Indexed. An instruction accesses memory by applying an arithmetic or logic operation on two register values, and using the result as the memory address. The result of the instruction is stored in the target register.
Register. An instruction operates on one or two registers, storing the result in a third, target register.

7.2. Masking Modes

Since Fungus is a ℤ² machine, it needs to deal with vector values, but also with their ordinates in an independent fashion. To provide necessary facilities, it also needs to access words as scalar values. This duplication of functionality would increase unacceptably the size of the instruction set. Thus, in the interest of additional obfuscation, masking modes were introduced. Not to be mistaken with addressing modes, masking modes modify the semantics of instructions as follows:

Vector mode. This is the default. The wo and rd parts of a word are treated independently. Literals are written like (123,456) (although this is not necessary; the same literal could still be written 123456). The result of 777000 + 001001 would be 000001. In vector notation: (777, 0) + (1, 1) = (0, 1).
X mode. This mode masks the wo (y ordinate) part of words. In this way, all instructions affect only the rd (x ordinate) part of data. In this context, the addition (777, 0) + (1, 1) yields (777, 1).
Y mode. As above, but the rd (x ordinate) part of data is masked, making it immutable.
Scalar mode. Treats words as scalars. In scalar mode, the addition 115333 + 225511 would yield 343044 (note how the carry crosses the wo-rd boundary).

7.3. Instruction Format

There are two groups of instructions: group 0 involves a target register and 9-bit literal; group 1 involves a target register and one or two source registers. The two groups are illustrated in the figure below:

Fungus Instruction Format. — Fungus instruction format.

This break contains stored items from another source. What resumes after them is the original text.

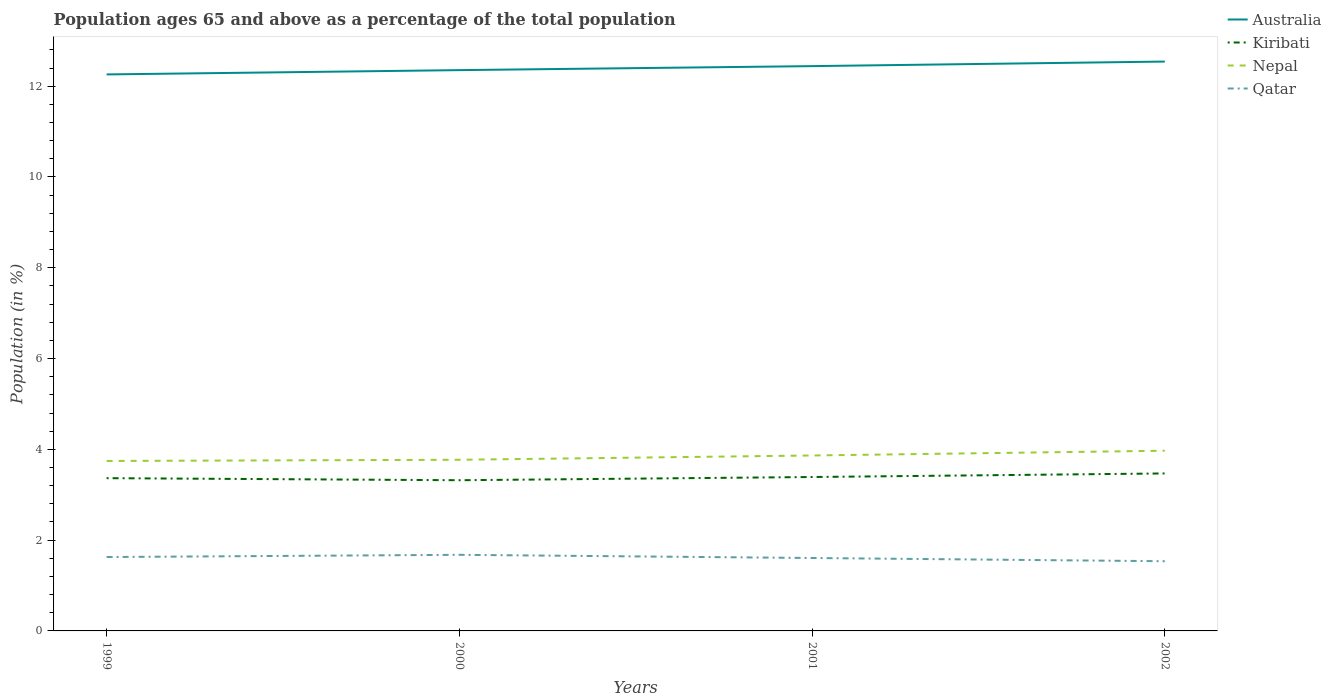How many different coloured lines are there?
Your response must be concise. 4. Is the number of lines equal to the number of legend labels?
Make the answer very short. Yes. Across all years, what is the maximum percentage of the population ages 65 and above in Nepal?
Provide a succinct answer. 3.74. In which year was the percentage of the population ages 65 and above in Nepal maximum?
Ensure brevity in your answer.  1999. What is the total percentage of the population ages 65 and above in Kiribati in the graph?
Offer a terse response. -0.15. What is the difference between the highest and the second highest percentage of the population ages 65 and above in Qatar?
Provide a succinct answer. 0.14. What is the difference between the highest and the lowest percentage of the population ages 65 and above in Nepal?
Ensure brevity in your answer.  2. Is the percentage of the population ages 65 and above in Australia strictly greater than the percentage of the population ages 65 and above in Kiribati over the years?
Offer a terse response. No. How many lines are there?
Your answer should be compact. 4. How many years are there in the graph?
Make the answer very short. 4. Are the values on the major ticks of Y-axis written in scientific E-notation?
Make the answer very short. No. Does the graph contain grids?
Provide a short and direct response. No. Where does the legend appear in the graph?
Your answer should be compact. Top right. What is the title of the graph?
Your response must be concise. Population ages 65 and above as a percentage of the total population. Does "Hungary" appear as one of the legend labels in the graph?
Provide a short and direct response. No. What is the label or title of the X-axis?
Offer a terse response. Years. What is the label or title of the Y-axis?
Offer a terse response. Population (in %). What is the Population (in %) of Australia in 1999?
Provide a succinct answer. 12.26. What is the Population (in %) of Kiribati in 1999?
Provide a short and direct response. 3.37. What is the Population (in %) of Nepal in 1999?
Make the answer very short. 3.74. What is the Population (in %) of Qatar in 1999?
Offer a terse response. 1.63. What is the Population (in %) in Australia in 2000?
Your response must be concise. 12.35. What is the Population (in %) in Kiribati in 2000?
Ensure brevity in your answer.  3.32. What is the Population (in %) of Nepal in 2000?
Your answer should be compact. 3.77. What is the Population (in %) in Qatar in 2000?
Ensure brevity in your answer.  1.68. What is the Population (in %) of Australia in 2001?
Your answer should be compact. 12.44. What is the Population (in %) in Kiribati in 2001?
Your response must be concise. 3.39. What is the Population (in %) in Nepal in 2001?
Provide a short and direct response. 3.86. What is the Population (in %) of Qatar in 2001?
Offer a terse response. 1.61. What is the Population (in %) in Australia in 2002?
Make the answer very short. 12.54. What is the Population (in %) of Kiribati in 2002?
Make the answer very short. 3.47. What is the Population (in %) of Nepal in 2002?
Give a very brief answer. 3.97. What is the Population (in %) in Qatar in 2002?
Offer a terse response. 1.54. Across all years, what is the maximum Population (in %) in Australia?
Provide a short and direct response. 12.54. Across all years, what is the maximum Population (in %) of Kiribati?
Offer a very short reply. 3.47. Across all years, what is the maximum Population (in %) of Nepal?
Your answer should be very brief. 3.97. Across all years, what is the maximum Population (in %) in Qatar?
Your answer should be very brief. 1.68. Across all years, what is the minimum Population (in %) in Australia?
Your response must be concise. 12.26. Across all years, what is the minimum Population (in %) in Kiribati?
Provide a succinct answer. 3.32. Across all years, what is the minimum Population (in %) of Nepal?
Give a very brief answer. 3.74. Across all years, what is the minimum Population (in %) of Qatar?
Give a very brief answer. 1.54. What is the total Population (in %) in Australia in the graph?
Provide a succinct answer. 49.6. What is the total Population (in %) of Kiribati in the graph?
Provide a succinct answer. 13.54. What is the total Population (in %) in Nepal in the graph?
Offer a terse response. 15.35. What is the total Population (in %) in Qatar in the graph?
Offer a very short reply. 6.45. What is the difference between the Population (in %) in Australia in 1999 and that in 2000?
Keep it short and to the point. -0.09. What is the difference between the Population (in %) in Kiribati in 1999 and that in 2000?
Offer a very short reply. 0.05. What is the difference between the Population (in %) of Nepal in 1999 and that in 2000?
Your response must be concise. -0.03. What is the difference between the Population (in %) in Qatar in 1999 and that in 2000?
Offer a very short reply. -0.05. What is the difference between the Population (in %) of Australia in 1999 and that in 2001?
Your response must be concise. -0.18. What is the difference between the Population (in %) of Kiribati in 1999 and that in 2001?
Your answer should be compact. -0.03. What is the difference between the Population (in %) in Nepal in 1999 and that in 2001?
Ensure brevity in your answer.  -0.12. What is the difference between the Population (in %) in Qatar in 1999 and that in 2001?
Your response must be concise. 0.02. What is the difference between the Population (in %) of Australia in 1999 and that in 2002?
Provide a short and direct response. -0.28. What is the difference between the Population (in %) of Kiribati in 1999 and that in 2002?
Give a very brief answer. -0.1. What is the difference between the Population (in %) in Nepal in 1999 and that in 2002?
Give a very brief answer. -0.23. What is the difference between the Population (in %) in Qatar in 1999 and that in 2002?
Make the answer very short. 0.09. What is the difference between the Population (in %) in Australia in 2000 and that in 2001?
Your answer should be very brief. -0.09. What is the difference between the Population (in %) of Kiribati in 2000 and that in 2001?
Offer a very short reply. -0.07. What is the difference between the Population (in %) of Nepal in 2000 and that in 2001?
Make the answer very short. -0.09. What is the difference between the Population (in %) of Qatar in 2000 and that in 2001?
Provide a short and direct response. 0.07. What is the difference between the Population (in %) in Australia in 2000 and that in 2002?
Keep it short and to the point. -0.19. What is the difference between the Population (in %) of Kiribati in 2000 and that in 2002?
Keep it short and to the point. -0.15. What is the difference between the Population (in %) of Nepal in 2000 and that in 2002?
Keep it short and to the point. -0.2. What is the difference between the Population (in %) of Qatar in 2000 and that in 2002?
Your answer should be very brief. 0.14. What is the difference between the Population (in %) in Australia in 2001 and that in 2002?
Make the answer very short. -0.1. What is the difference between the Population (in %) in Kiribati in 2001 and that in 2002?
Your answer should be very brief. -0.08. What is the difference between the Population (in %) in Nepal in 2001 and that in 2002?
Your answer should be very brief. -0.1. What is the difference between the Population (in %) of Qatar in 2001 and that in 2002?
Your answer should be very brief. 0.07. What is the difference between the Population (in %) of Australia in 1999 and the Population (in %) of Kiribati in 2000?
Make the answer very short. 8.94. What is the difference between the Population (in %) in Australia in 1999 and the Population (in %) in Nepal in 2000?
Offer a very short reply. 8.49. What is the difference between the Population (in %) in Australia in 1999 and the Population (in %) in Qatar in 2000?
Offer a very short reply. 10.58. What is the difference between the Population (in %) of Kiribati in 1999 and the Population (in %) of Nepal in 2000?
Your response must be concise. -0.41. What is the difference between the Population (in %) in Kiribati in 1999 and the Population (in %) in Qatar in 2000?
Give a very brief answer. 1.69. What is the difference between the Population (in %) in Nepal in 1999 and the Population (in %) in Qatar in 2000?
Your response must be concise. 2.07. What is the difference between the Population (in %) in Australia in 1999 and the Population (in %) in Kiribati in 2001?
Your answer should be compact. 8.87. What is the difference between the Population (in %) of Australia in 1999 and the Population (in %) of Nepal in 2001?
Your response must be concise. 8.39. What is the difference between the Population (in %) in Australia in 1999 and the Population (in %) in Qatar in 2001?
Provide a short and direct response. 10.65. What is the difference between the Population (in %) in Kiribati in 1999 and the Population (in %) in Nepal in 2001?
Provide a short and direct response. -0.5. What is the difference between the Population (in %) in Kiribati in 1999 and the Population (in %) in Qatar in 2001?
Provide a succinct answer. 1.76. What is the difference between the Population (in %) in Nepal in 1999 and the Population (in %) in Qatar in 2001?
Your answer should be very brief. 2.14. What is the difference between the Population (in %) in Australia in 1999 and the Population (in %) in Kiribati in 2002?
Make the answer very short. 8.79. What is the difference between the Population (in %) in Australia in 1999 and the Population (in %) in Nepal in 2002?
Your response must be concise. 8.29. What is the difference between the Population (in %) of Australia in 1999 and the Population (in %) of Qatar in 2002?
Offer a very short reply. 10.72. What is the difference between the Population (in %) in Kiribati in 1999 and the Population (in %) in Nepal in 2002?
Ensure brevity in your answer.  -0.6. What is the difference between the Population (in %) in Kiribati in 1999 and the Population (in %) in Qatar in 2002?
Offer a very short reply. 1.83. What is the difference between the Population (in %) of Nepal in 1999 and the Population (in %) of Qatar in 2002?
Your response must be concise. 2.21. What is the difference between the Population (in %) of Australia in 2000 and the Population (in %) of Kiribati in 2001?
Provide a succinct answer. 8.96. What is the difference between the Population (in %) of Australia in 2000 and the Population (in %) of Nepal in 2001?
Give a very brief answer. 8.49. What is the difference between the Population (in %) in Australia in 2000 and the Population (in %) in Qatar in 2001?
Keep it short and to the point. 10.75. What is the difference between the Population (in %) in Kiribati in 2000 and the Population (in %) in Nepal in 2001?
Offer a terse response. -0.55. What is the difference between the Population (in %) of Kiribati in 2000 and the Population (in %) of Qatar in 2001?
Your answer should be very brief. 1.71. What is the difference between the Population (in %) of Nepal in 2000 and the Population (in %) of Qatar in 2001?
Keep it short and to the point. 2.16. What is the difference between the Population (in %) in Australia in 2000 and the Population (in %) in Kiribati in 2002?
Provide a short and direct response. 8.88. What is the difference between the Population (in %) in Australia in 2000 and the Population (in %) in Nepal in 2002?
Ensure brevity in your answer.  8.38. What is the difference between the Population (in %) of Australia in 2000 and the Population (in %) of Qatar in 2002?
Offer a terse response. 10.82. What is the difference between the Population (in %) of Kiribati in 2000 and the Population (in %) of Nepal in 2002?
Provide a succinct answer. -0.65. What is the difference between the Population (in %) of Kiribati in 2000 and the Population (in %) of Qatar in 2002?
Your answer should be compact. 1.78. What is the difference between the Population (in %) of Nepal in 2000 and the Population (in %) of Qatar in 2002?
Your response must be concise. 2.23. What is the difference between the Population (in %) in Australia in 2001 and the Population (in %) in Kiribati in 2002?
Keep it short and to the point. 8.97. What is the difference between the Population (in %) of Australia in 2001 and the Population (in %) of Nepal in 2002?
Your response must be concise. 8.47. What is the difference between the Population (in %) in Australia in 2001 and the Population (in %) in Qatar in 2002?
Give a very brief answer. 10.91. What is the difference between the Population (in %) in Kiribati in 2001 and the Population (in %) in Nepal in 2002?
Offer a very short reply. -0.58. What is the difference between the Population (in %) in Kiribati in 2001 and the Population (in %) in Qatar in 2002?
Give a very brief answer. 1.86. What is the difference between the Population (in %) in Nepal in 2001 and the Population (in %) in Qatar in 2002?
Your answer should be very brief. 2.33. What is the average Population (in %) of Australia per year?
Provide a short and direct response. 12.4. What is the average Population (in %) of Kiribati per year?
Make the answer very short. 3.39. What is the average Population (in %) of Nepal per year?
Give a very brief answer. 3.84. What is the average Population (in %) in Qatar per year?
Give a very brief answer. 1.61. In the year 1999, what is the difference between the Population (in %) of Australia and Population (in %) of Kiribati?
Keep it short and to the point. 8.89. In the year 1999, what is the difference between the Population (in %) in Australia and Population (in %) in Nepal?
Your answer should be compact. 8.52. In the year 1999, what is the difference between the Population (in %) of Australia and Population (in %) of Qatar?
Your response must be concise. 10.63. In the year 1999, what is the difference between the Population (in %) of Kiribati and Population (in %) of Nepal?
Offer a very short reply. -0.38. In the year 1999, what is the difference between the Population (in %) in Kiribati and Population (in %) in Qatar?
Make the answer very short. 1.74. In the year 1999, what is the difference between the Population (in %) in Nepal and Population (in %) in Qatar?
Your response must be concise. 2.12. In the year 2000, what is the difference between the Population (in %) in Australia and Population (in %) in Kiribati?
Offer a very short reply. 9.03. In the year 2000, what is the difference between the Population (in %) in Australia and Population (in %) in Nepal?
Your response must be concise. 8.58. In the year 2000, what is the difference between the Population (in %) in Australia and Population (in %) in Qatar?
Provide a succinct answer. 10.68. In the year 2000, what is the difference between the Population (in %) in Kiribati and Population (in %) in Nepal?
Provide a succinct answer. -0.45. In the year 2000, what is the difference between the Population (in %) in Kiribati and Population (in %) in Qatar?
Your answer should be very brief. 1.64. In the year 2000, what is the difference between the Population (in %) in Nepal and Population (in %) in Qatar?
Provide a short and direct response. 2.09. In the year 2001, what is the difference between the Population (in %) in Australia and Population (in %) in Kiribati?
Provide a succinct answer. 9.05. In the year 2001, what is the difference between the Population (in %) of Australia and Population (in %) of Nepal?
Provide a short and direct response. 8.58. In the year 2001, what is the difference between the Population (in %) of Australia and Population (in %) of Qatar?
Provide a succinct answer. 10.84. In the year 2001, what is the difference between the Population (in %) of Kiribati and Population (in %) of Nepal?
Provide a short and direct response. -0.47. In the year 2001, what is the difference between the Population (in %) in Kiribati and Population (in %) in Qatar?
Make the answer very short. 1.78. In the year 2001, what is the difference between the Population (in %) of Nepal and Population (in %) of Qatar?
Your answer should be compact. 2.26. In the year 2002, what is the difference between the Population (in %) of Australia and Population (in %) of Kiribati?
Provide a succinct answer. 9.07. In the year 2002, what is the difference between the Population (in %) in Australia and Population (in %) in Nepal?
Provide a succinct answer. 8.57. In the year 2002, what is the difference between the Population (in %) in Australia and Population (in %) in Qatar?
Your response must be concise. 11.01. In the year 2002, what is the difference between the Population (in %) of Kiribati and Population (in %) of Nepal?
Ensure brevity in your answer.  -0.5. In the year 2002, what is the difference between the Population (in %) of Kiribati and Population (in %) of Qatar?
Keep it short and to the point. 1.93. In the year 2002, what is the difference between the Population (in %) of Nepal and Population (in %) of Qatar?
Offer a very short reply. 2.43. What is the ratio of the Population (in %) in Australia in 1999 to that in 2000?
Make the answer very short. 0.99. What is the ratio of the Population (in %) in Kiribati in 1999 to that in 2000?
Your response must be concise. 1.01. What is the ratio of the Population (in %) of Qatar in 1999 to that in 2000?
Make the answer very short. 0.97. What is the ratio of the Population (in %) in Australia in 1999 to that in 2001?
Give a very brief answer. 0.99. What is the ratio of the Population (in %) in Nepal in 1999 to that in 2001?
Keep it short and to the point. 0.97. What is the ratio of the Population (in %) of Qatar in 1999 to that in 2001?
Make the answer very short. 1.01. What is the ratio of the Population (in %) in Australia in 1999 to that in 2002?
Your answer should be very brief. 0.98. What is the ratio of the Population (in %) of Nepal in 1999 to that in 2002?
Offer a terse response. 0.94. What is the ratio of the Population (in %) in Qatar in 1999 to that in 2002?
Give a very brief answer. 1.06. What is the ratio of the Population (in %) of Australia in 2000 to that in 2001?
Your answer should be very brief. 0.99. What is the ratio of the Population (in %) in Kiribati in 2000 to that in 2001?
Give a very brief answer. 0.98. What is the ratio of the Population (in %) of Nepal in 2000 to that in 2001?
Provide a short and direct response. 0.98. What is the ratio of the Population (in %) of Qatar in 2000 to that in 2001?
Your answer should be very brief. 1.04. What is the ratio of the Population (in %) of Australia in 2000 to that in 2002?
Your answer should be compact. 0.98. What is the ratio of the Population (in %) of Kiribati in 2000 to that in 2002?
Ensure brevity in your answer.  0.96. What is the ratio of the Population (in %) of Nepal in 2000 to that in 2002?
Keep it short and to the point. 0.95. What is the ratio of the Population (in %) in Qatar in 2000 to that in 2002?
Your answer should be very brief. 1.09. What is the ratio of the Population (in %) in Australia in 2001 to that in 2002?
Offer a terse response. 0.99. What is the ratio of the Population (in %) of Kiribati in 2001 to that in 2002?
Your answer should be very brief. 0.98. What is the ratio of the Population (in %) in Nepal in 2001 to that in 2002?
Make the answer very short. 0.97. What is the ratio of the Population (in %) in Qatar in 2001 to that in 2002?
Give a very brief answer. 1.05. What is the difference between the highest and the second highest Population (in %) in Australia?
Your answer should be compact. 0.1. What is the difference between the highest and the second highest Population (in %) in Kiribati?
Make the answer very short. 0.08. What is the difference between the highest and the second highest Population (in %) in Nepal?
Offer a very short reply. 0.1. What is the difference between the highest and the second highest Population (in %) of Qatar?
Provide a short and direct response. 0.05. What is the difference between the highest and the lowest Population (in %) of Australia?
Offer a very short reply. 0.28. What is the difference between the highest and the lowest Population (in %) in Kiribati?
Keep it short and to the point. 0.15. What is the difference between the highest and the lowest Population (in %) in Nepal?
Your answer should be very brief. 0.23. What is the difference between the highest and the lowest Population (in %) of Qatar?
Ensure brevity in your answer.  0.14.

The formats themselves are as follows:

Group 0. Comprises of the following fields (in order of increasing significance):
- L: 9 bits. A 9-bit literal argument.
- X: 3 bits. The target register.
- OP: 3 bits. The instruction opcode.
- M: 2 bits. Masking mode.
- 0: 1 bit. The instruction group (always 0).
Group 1. Comprises of the following fields (in order of increasing significance):
- B: 3 bits. For binary instructions, the register used as right-hand operand. For unary instructions, this field acts as an extension of the ALU field.
- A: 3 bits. The register used as left-hand operand.
- ALU: 3 bits. The ALU op code.
- X: 3 bits. The target register.
- OP: 3 bits. The instruction opcode.
- M: 2 bits. Masking mode.
- 1: 1 bit. The instruction group (always 1).

Masking modes (the M instruction field) are as follows:

00 is the scalar mode, denoted in Assembly by the .s suffix.
01 is the rd (X) mode. Assembly suffix: .x.
10 is the wo (Y) mode. Assembly suffix: .y.
11 is the default, vector mode. Assembly suffix: .v (or none, as it is the default)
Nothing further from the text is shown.